Actu Juridique

Un arrêt en date du 9 janvier 2019 permet, pour la première fois, à la Cour de cassation de préciser l’assiette du privilège de prêteurs de deniers en cas d’acquisition indivise, mais de prêt souscrit par un seul acquéreur (sur la question voir : Les sûretés immobilières en cas de pluralités d’emprunteurs ou d’acquéreurs, B. Pacot, Def. 2000, art. 37109). En l’espèce, deux concubins avaient acquis un ensemble immobilier, en indivision pour la nue-propriété, à concurrence respectivement de 38 % et 62 %, et en tontine pour l’usufruit. L’un des deux acquéreurs avait financé l’acquisition de sa part au moyen d’un prêt bancaire, garanti par un privilège de prêteur de deniers. Ce privilège avait été inscrit par le notaire sur la seule quote-part de cet acquéreur. Pourtant, confirmant la décision de la cour d’appel (sur celle-ci voir : Quelle assiette pour le privilège de prêteur de deniers lorsque l’immeuble est acquis par deux personnes et que l’une, seulement, emprunte ? C. Gijsbers, Def. 2018, p. 32) la Cour de cassation décide :

que, même dans l’hypothèse où un prêt est souscrit par l’un seulement des acquéreurs d’un bien immobilier, pour financer sa part, l’assiette du privilège de prêteur de deniers est constituée par la totalité de l’immeuble et le prêteur, titulaire d’une sûreté légale née antérieurement à l’indivision, peut se prévaloir des dispositions de l’article 815-17, alinéa 1er, du code civil.

Cette interprétation implique que le privilège grève de plein droit la totalité de l’immeuble acquis, même s’il est né du chef d’un seul acquéreur. Ainsi, la banque créancière peut poursuivre la vente forcée de l’immeuble dont elle avait partiellement financé l’acquisition sans engager une procédure préalable de partage et sans même que puissent lui être opposés les démembrements de la propriété convenus entre les acquéreurs. Le notaire qui n’inscrirait pas le privilège sur l’entier immeuble verrait alors sa responsabilité engagée selon l’article 1240 du Code civil. La Première Chambre civile de la Cour de cassation a d’ailleurs ajouté

que le notaire, tenu d’assurer l’efficacité des actes auxquels il prête son concours ou qu’il a reçu mandat d’accomplir, doit, sauf s’il en est dispensé expressément par les parties, veiller à l’accomplissement des formalités nécessaires à la mise en place des sûretés qui en garantissent l’exécution.

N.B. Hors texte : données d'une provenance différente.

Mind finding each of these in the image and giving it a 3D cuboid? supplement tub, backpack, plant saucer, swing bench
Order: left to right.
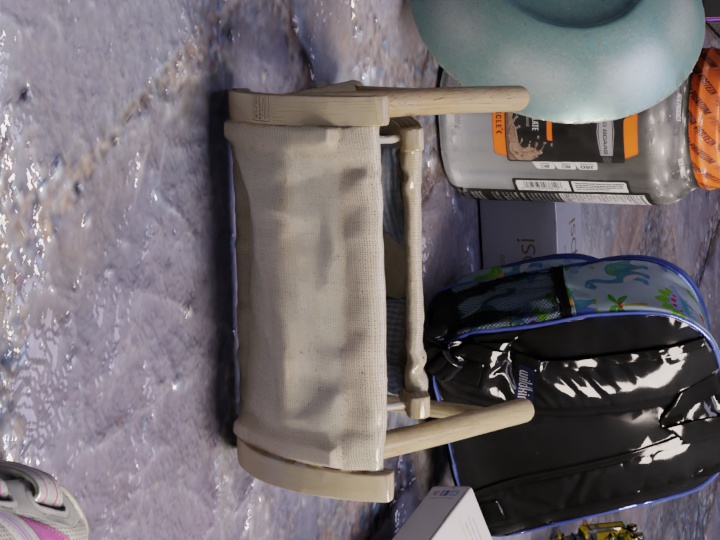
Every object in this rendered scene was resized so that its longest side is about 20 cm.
[{"bbox_3d":[0.000,0.000,0.917,0.200,0.129,0.201,-15,107,-61],"label":"swing bench"},{"bbox_3d":[0.134,-0.188,1.113,0.039,0.200,0.202,100,7,-56],"label":"plant saucer"},{"bbox_3d":[0.155,0.075,1.193,0.147,0.198,0.184,-87,166,-60],"label":"backpack"},{"bbox_3d":[0.164,-0.109,1.194,0.122,0.199,0.124,2,90,-67],"label":"supplement tub"}]

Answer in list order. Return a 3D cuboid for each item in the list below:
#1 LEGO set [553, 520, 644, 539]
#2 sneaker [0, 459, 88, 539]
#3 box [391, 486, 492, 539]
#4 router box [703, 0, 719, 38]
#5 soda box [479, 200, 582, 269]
[{"bbox_3d":[0.186,0.317,1.456,0.154,0.115,0.201,-110,-163,-69],"label":"LEGO set"},{"bbox_3d":[-0.153,0.105,0.631,0.201,0.081,0.089,75,26,-53],"label":"sneaker"},{"bbox_3d":[0.039,0.254,1.073,0.200,0.036,0.145,-45,120,-45],"label":"box"},{"bbox_3d":[0.461,-0.389,2.056,0.149,0.051,0.202,15,78,-65],"label":"router box"},{"bbox_3d":[0.136,0.018,1.316,0.068,0.063,0.202,-35,123,-61],"label":"soda box"}]
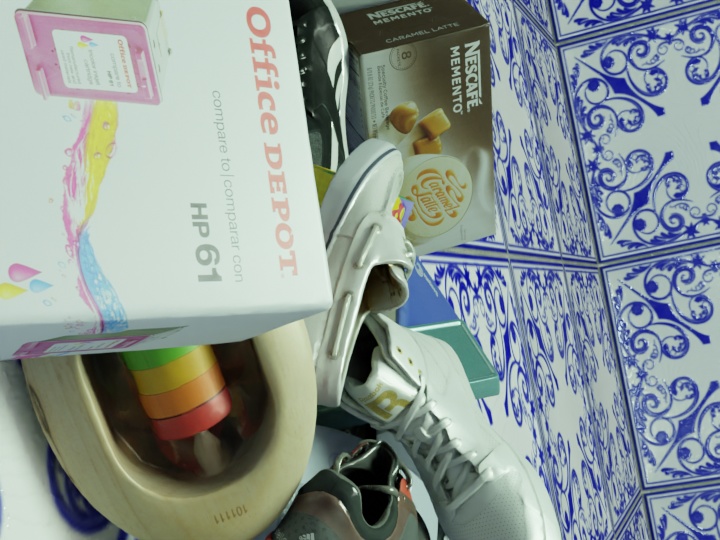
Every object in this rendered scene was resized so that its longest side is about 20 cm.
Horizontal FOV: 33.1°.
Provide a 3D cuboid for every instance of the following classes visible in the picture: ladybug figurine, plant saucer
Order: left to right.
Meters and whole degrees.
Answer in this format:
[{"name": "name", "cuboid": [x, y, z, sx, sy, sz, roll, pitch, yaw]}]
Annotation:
[{"name": "ladybug figurine", "cuboid": [-0.095, 0.040, 0.595, 0.072, 0.134, 0.203, -136, -150, -71]}, {"name": "plant saucer", "cuboid": [0.017, 0.071, 0.862, 0.198, 0.019, 0.070, -6, 53, -40]}]

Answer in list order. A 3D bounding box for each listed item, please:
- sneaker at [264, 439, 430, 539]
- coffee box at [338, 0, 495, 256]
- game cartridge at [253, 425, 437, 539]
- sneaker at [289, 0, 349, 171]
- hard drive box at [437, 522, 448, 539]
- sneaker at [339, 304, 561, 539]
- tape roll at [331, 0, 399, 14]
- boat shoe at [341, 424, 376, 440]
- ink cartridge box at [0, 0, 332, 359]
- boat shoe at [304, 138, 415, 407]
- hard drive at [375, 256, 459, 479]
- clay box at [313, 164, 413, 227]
[{"name": "sneaker", "cuboid": [0.010, 0.137, 0.677, 0.083, 0.076, 0.200, -64, 165, 3]}, {"name": "coffee box", "cuboid": [0.046, -0.118, 1.014, 0.080, 0.113, 0.202, -123, -158, -51]}, {"name": "game cartridge", "cuboid": [-0.020, 0.172, 0.770, 0.199, 0.040, 0.135, 30, 60, -45]}, {"name": "sneaker", "cuboid": [-0.052, -0.135, 0.894, 0.112, 0.072, 0.203, -14, 93, -73]}, {"name": "hard drive box", "cuboid": [0.068, 0.271, 1.009, 0.157, 0.076, 0.202, -75, 148, -53]}, {"name": "sneaker", "cuboid": [0.039, 0.105, 0.743, 0.115, 0.074, 0.201, 29, 21, -44]}, {"name": "tape roll", "cuboid": [-0.017, -0.316, 1.009, 0.202, 0.137, 0.206, -12, 90, -71]}, {"name": "boat shoe", "cuboid": [-0.001, 0.155, 0.884, 0.201, 0.065, 0.075, -81, 153, -47]}, {"name": "ink cartridge box", "cuboid": [-0.118, -0.044, 0.472, 0.198, 0.084, 0.147, -2, 78, -37]}, {"name": "boat shoe", "cuboid": [0.000, 0.000, 0.743, 0.072, 0.069, 0.201, 93, 18, -47]}, {"name": "hard drive", "cuboid": [0.054, 0.089, 0.956, 0.132, 0.025, 0.202, 54, 25, -35]}, {"name": "clay box", "cuboid": [-0.028, -0.012, 0.856, 0.116, 0.047, 0.200, -69, 163, 6]}]
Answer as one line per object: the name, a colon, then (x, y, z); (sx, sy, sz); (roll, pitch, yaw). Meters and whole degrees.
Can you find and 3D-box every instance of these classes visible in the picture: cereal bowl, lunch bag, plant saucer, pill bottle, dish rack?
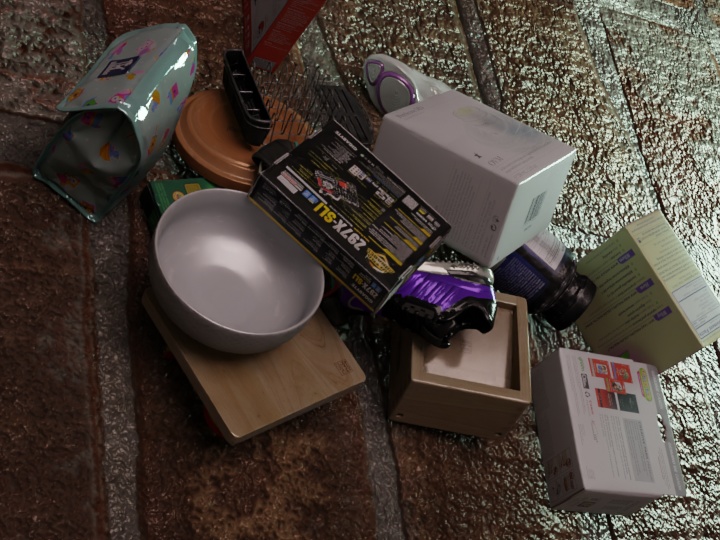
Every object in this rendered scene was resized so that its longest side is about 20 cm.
cereal bowl: (-0.144, 0.011, 1.255); (0.197, 0.084, 0.202); (17, 47, -18)
lunch bag: (-0.271, -0.180, 1.304); (0.121, 0.200, 0.171); (36, 49, -10)
plant saucer: (-0.143, -0.173, 1.460); (0.197, 0.033, 0.202); (13, 40, -11)
pill bottle: (0.235, -0.011, 1.608); (0.199, 0.112, 0.112); (41, 47, -7)
dish rack: (-0.077, -0.217, 1.474); (0.197, 0.055, 0.155); (0, 46, -26)

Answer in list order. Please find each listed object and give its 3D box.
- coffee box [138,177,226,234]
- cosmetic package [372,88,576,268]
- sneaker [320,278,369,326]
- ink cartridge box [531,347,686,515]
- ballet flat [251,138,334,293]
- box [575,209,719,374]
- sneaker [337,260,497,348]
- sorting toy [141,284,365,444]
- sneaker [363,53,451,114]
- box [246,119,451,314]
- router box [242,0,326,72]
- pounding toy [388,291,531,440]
coffee box: (-0.163, -0.056, 1.406); (0.198, 0.044, 0.124); (-9, 66, -37)
cosmetic package: (0.140, -0.126, 1.456); (0.198, 0.124, 0.199); (28, 30, 21)
sneaker: (0.000, 0.000, 1.456); (0.200, 0.070, 0.099); (-45, 121, -42)
ink cartridge box: (0.334, 0.222, 1.542); (0.173, 0.084, 0.203); (10, 57, -24)
ballet flat: (-0.088, -0.061, 1.361); (0.067, 0.068, 0.203); (-11, 70, -14)
box: (0.406, 0.048, 1.645); (0.096, 0.176, 0.202); (-21, 75, -40)
sneaker: (0.073, 0.044, 1.356); (0.197, 0.070, 0.101); (-1, 56, -10)
sorting toy: (-0.129, 0.093, 1.305); (0.197, 0.070, 0.201); (-19, 66, -40)
sneaker: (0.086, -0.259, 1.702); (0.199, 0.075, 0.100); (36, 34, -16)
box: (-0.009, -0.068, 1.313); (0.200, 0.049, 0.160); (42, 46, 5)
router box: (-0.106, -0.411, 1.579); (0.048, 0.179, 0.203); (13, 55, -28)
pounding toy: (0.133, 0.108, 1.466); (0.181, 0.143, 0.202); (12, 52, -11)
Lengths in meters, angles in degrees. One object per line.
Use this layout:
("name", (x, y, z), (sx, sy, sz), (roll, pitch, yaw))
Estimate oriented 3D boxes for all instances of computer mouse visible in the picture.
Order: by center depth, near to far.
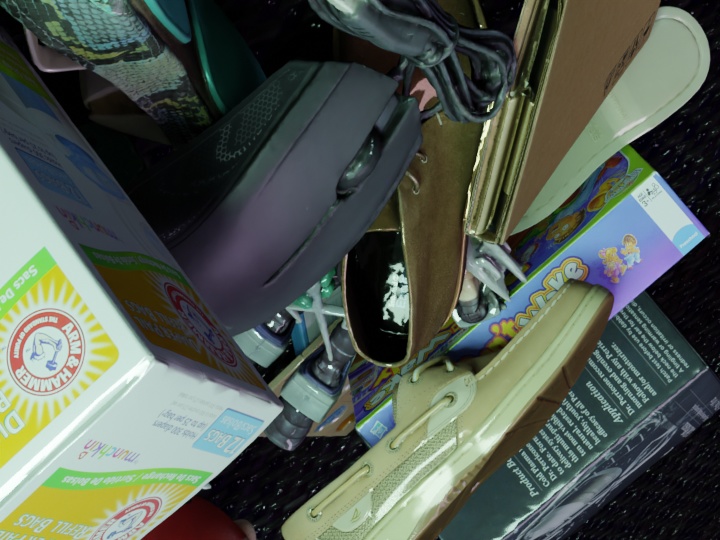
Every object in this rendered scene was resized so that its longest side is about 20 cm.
("computer mouse", (-0.029, -0.033, 0.799), (0.200, 0.053, 0.138), (-41, 146, 13))

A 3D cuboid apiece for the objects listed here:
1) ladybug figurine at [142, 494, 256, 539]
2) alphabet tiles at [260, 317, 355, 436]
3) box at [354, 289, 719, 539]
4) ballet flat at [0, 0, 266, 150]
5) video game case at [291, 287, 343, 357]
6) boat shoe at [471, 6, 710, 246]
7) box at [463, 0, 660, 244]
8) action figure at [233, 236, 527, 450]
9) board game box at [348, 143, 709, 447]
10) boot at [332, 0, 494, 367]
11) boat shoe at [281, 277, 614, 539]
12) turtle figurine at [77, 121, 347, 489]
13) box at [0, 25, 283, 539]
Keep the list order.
("ladybug figurine", (-0.152, 0.174, 1.126), (0.199, 0.072, 0.136), (-21, 178, -25))
("alphabet tiles", (0.020, 0.043, 1.211), (0.166, 0.006, 0.200), (-44, 160, 15))
("box", (0.125, 0.091, 1.325), (0.196, 0.124, 0.200), (-40, 164, 6))
("ballet flat", (-0.090, -0.089, 0.797), (0.074, 0.074, 0.200), (-39, 155, 0))
("video game case", (0.044, -0.021, 1.158), (0.200, 0.018, 0.143), (-33, 156, -13))
("boat shoe", (0.090, -0.074, 1.067), (0.200, 0.072, 0.059), (-34, -165, -13))
("box", (0.109, -0.127, 0.922), (0.200, 0.021, 0.164), (-51, 160, -45))
("action figure", (0.000, 0.000, 1.005), (0.200, 0.130, 0.069), (-45, -177, 39))
("board game box", (0.082, 0.015, 1.083), (0.200, 0.045, 0.135), (-41, -167, 6))
("boot", (0.019, -0.053, 0.891), (0.075, 0.073, 0.201), (-59, 150, -67))
("boat shoe", (0.042, 0.073, 0.988), (0.200, 0.064, 0.071), (-48, 164, 1))
("turtle figurine", (-0.098, 0.017, 0.917), (0.150, 0.101, 0.200), (-47, 144, -4))
("box", (-0.135, 0.000, 0.699), (0.101, 0.200, 0.112), (-42, 157, 7))
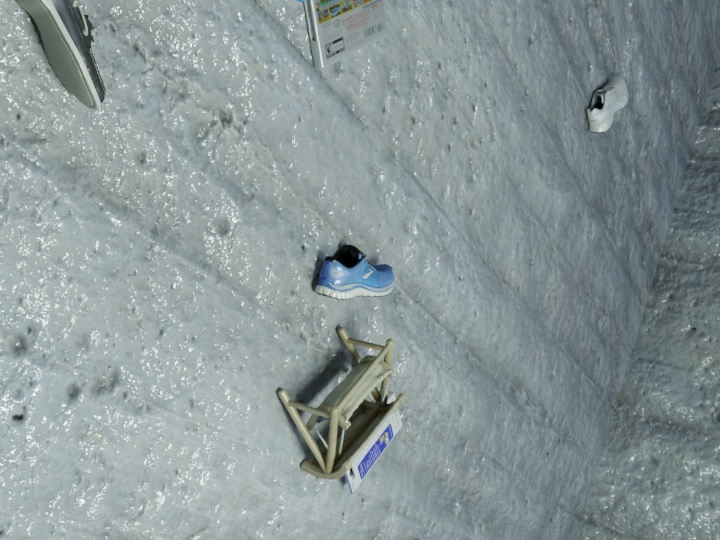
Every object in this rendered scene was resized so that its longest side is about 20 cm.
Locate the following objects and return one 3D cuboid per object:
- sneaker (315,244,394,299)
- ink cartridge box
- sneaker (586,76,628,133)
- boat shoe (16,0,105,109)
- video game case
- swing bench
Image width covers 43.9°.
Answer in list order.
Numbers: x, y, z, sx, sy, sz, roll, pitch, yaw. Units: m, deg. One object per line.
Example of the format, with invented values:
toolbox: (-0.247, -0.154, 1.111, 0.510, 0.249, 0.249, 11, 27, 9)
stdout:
sneaker: (0.000, 0.000, 1.621, 0.199, 0.078, 0.090, -6, 107, -55)
ink cartridge box: (0.015, 0.340, 1.782, 0.200, 0.037, 0.095, -50, 138, -39)
sneaker: (0.692, -0.477, 2.497, 0.201, 0.074, 0.087, -59, 136, -27)
boat shoe: (-0.344, -0.287, 1.044, 0.060, 0.074, 0.201, -45, 126, -32)
video game case: (-0.026, -0.457, 1.497, 0.200, 0.023, 0.183, -38, 130, -43)
swing bench: (-0.023, 0.247, 1.616, 0.199, 0.129, 0.201, -46, 135, -39)

À défaut, le créancier subirait un préjudice puisque :

du fait de l’inscription du privilège de prêteur de deniers sur la seule part (de l’emprunteur) la banque (aurait), à l’égard des tiers, la qualité de créancier personnel du coïndivisaire emprunteur, de sorte qu’elle ne (pourrait) exercer son droit de poursuite sur l’immeuble indivis.